Sam Altman è in tour per coinvolgere gli investitori internazionali, l’obiettivo: raccogliere finanziamenti per stimolare la produzione di semiconduttori per l’intelligenza artificiale. Un business che entro la fine del decennio varrà centinaia di miliardi di dollari, oltre ad essere strategico nella competizione tra Usa e Cina…
Sam Altman, amministratore delegato di OpenAI, starebbe raccogliendo fondi per costruire impianti di produzione di semiconduttori per realizzare microprocessori per applicazioni di intelligenza artificiale (AI), secondo quanto riportato da Bloomberg. Il ceo di una delle aziende all’avanguardia nel settore ritiene, infatti, che le tecnologie AI diventeranno talmente pervasive da poter supportare una propria catena di fornitura di semiconduttori negli anni a venire, ma con il rischio che domanda e offerta non si incontrino.
Naturalmente, questa iniziativa sembrerebbe in concorrenza con operatori come Intel, Tsmc e Samsung Foundry, le uniche tre aziende che già producono, per diversi clienti come Apple, Nvidia, AMD e Microsoft, semiconduttori all’avanguardia ovvero quelli sotto i 7 nanometri.
OpenAI, che attualmente utilizza le GPU A100 e H100 di Nvidia per il software ChatGpt (due microprocessori che, per via delle loro performance avanzate, sono stati inseriti tra i prodotti vietati all’export in Cina da parte del Dipartimento del Commercio americano), sta esplorando da tempo un modo di sviluppare in-house i propri processori AI, secondo un rapporto dell’azienda pubblicato a ottobre.
Progettare i propri microprocessori per l’intelligenza artificiale sarebbe in linea con un trend recente che vede colossi digitali del calibro di Amazon Web Services, Google, Microsoft e di molti altri attori che preferiscono disegnare i propri processori piuttosto che acquistare prodotti già realizzati da aziende specializzate.
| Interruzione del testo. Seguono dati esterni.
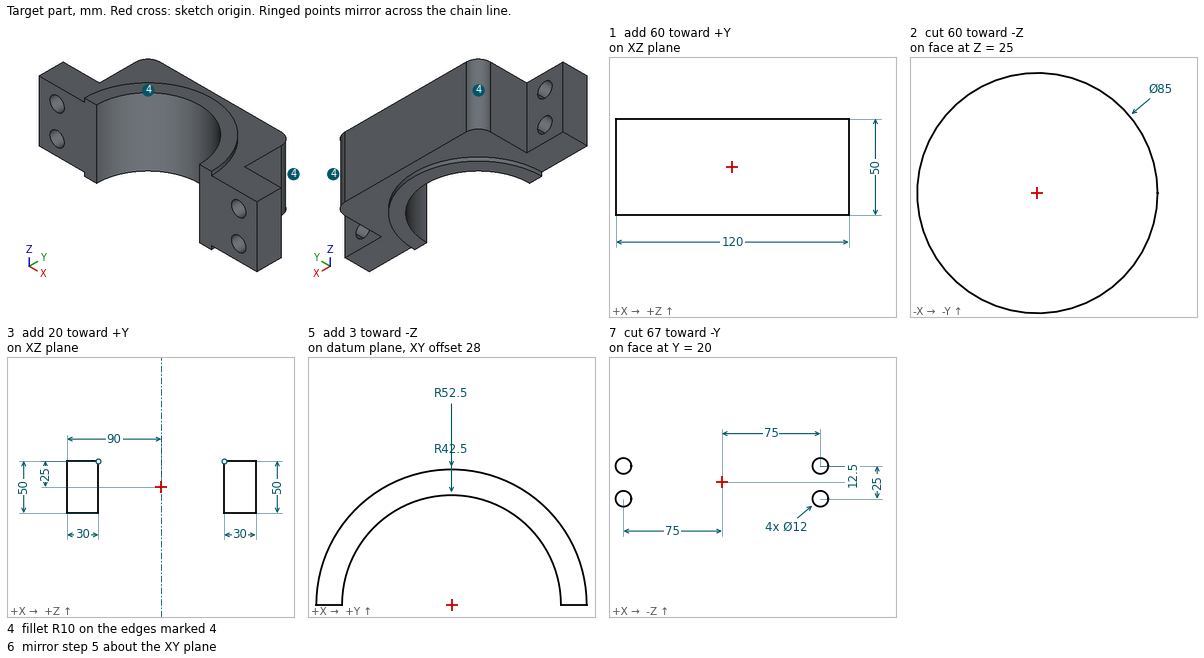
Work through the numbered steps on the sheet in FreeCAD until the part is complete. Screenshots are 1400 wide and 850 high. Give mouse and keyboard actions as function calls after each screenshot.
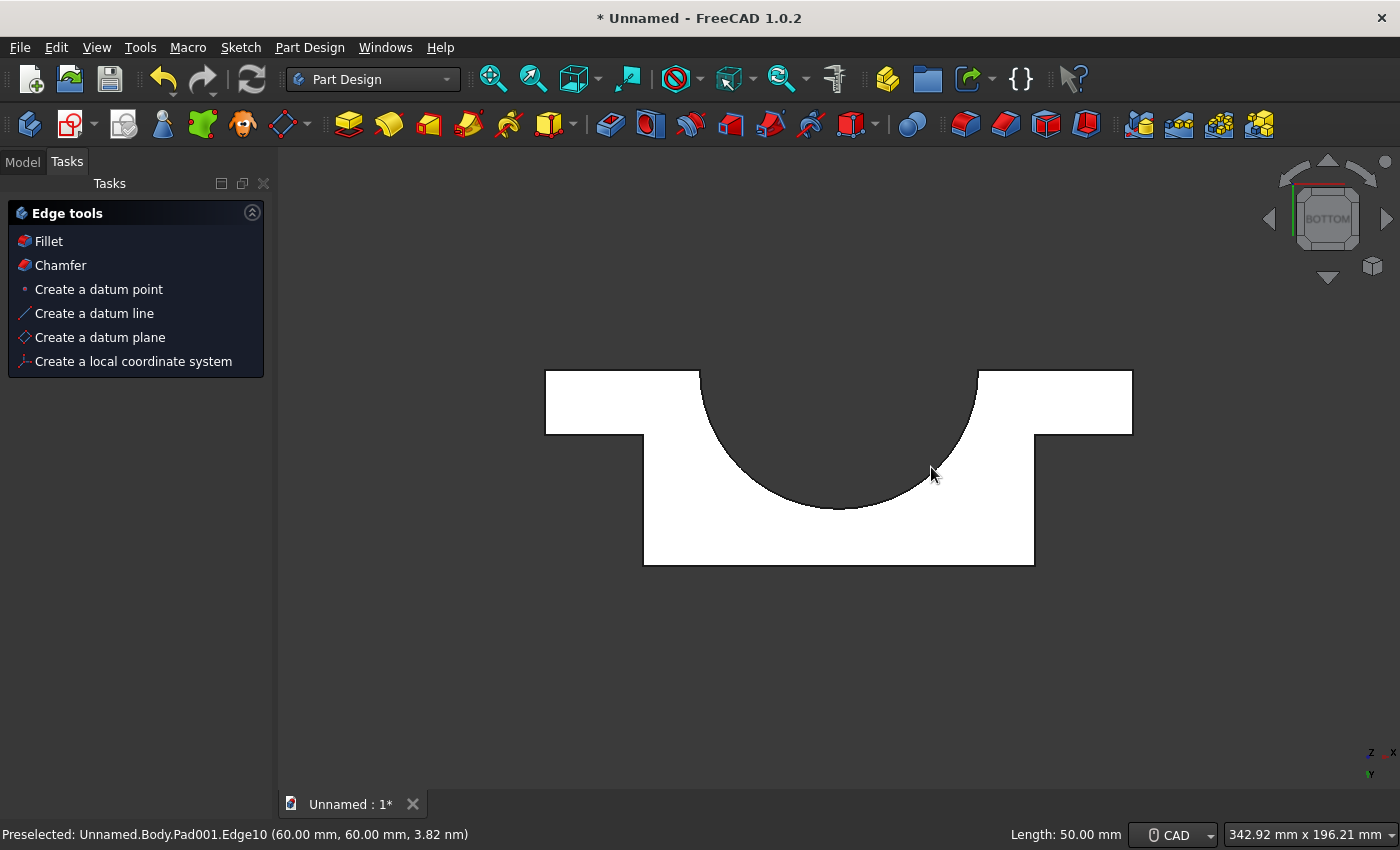
key(4)

Rimane tuttavia ancora inesplorato, per i costi e le tecnologie necessarie, il segmento foundry su cui si sono specializzate pochissime aziende, come appunto Tsmc, GlobalFoundry Umc e Samsung nella sua divisione dedicata. Tuttavia, gran parte del business rimane concentrato nei primi 3 produttori, con il 92% dei chip avanzati attualmente fabbricati negli impianti di Tsmc a Taiwan.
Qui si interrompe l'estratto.